##### Information provided #####

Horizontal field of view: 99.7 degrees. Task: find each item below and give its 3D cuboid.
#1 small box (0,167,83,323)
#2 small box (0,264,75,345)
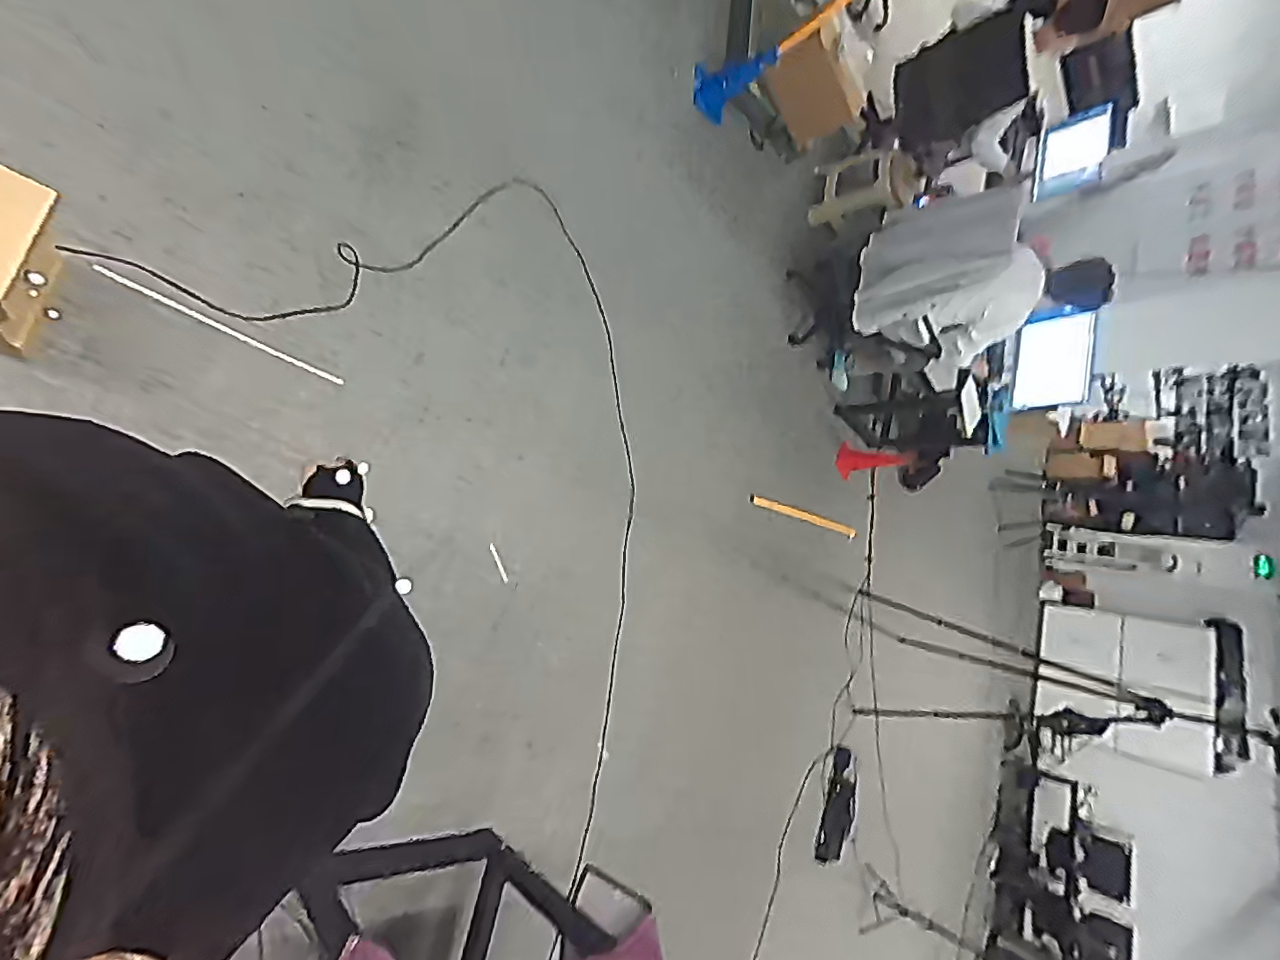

#####

● What to work on: Copy everything in the listing above exactly except the pictures.

● Answer space:
Horizontal field of view: 99.7 degrees. Task: find each item below and give its 3D cuboid.
#1 small box (0,167,83,323)
#2 small box (0,264,75,345)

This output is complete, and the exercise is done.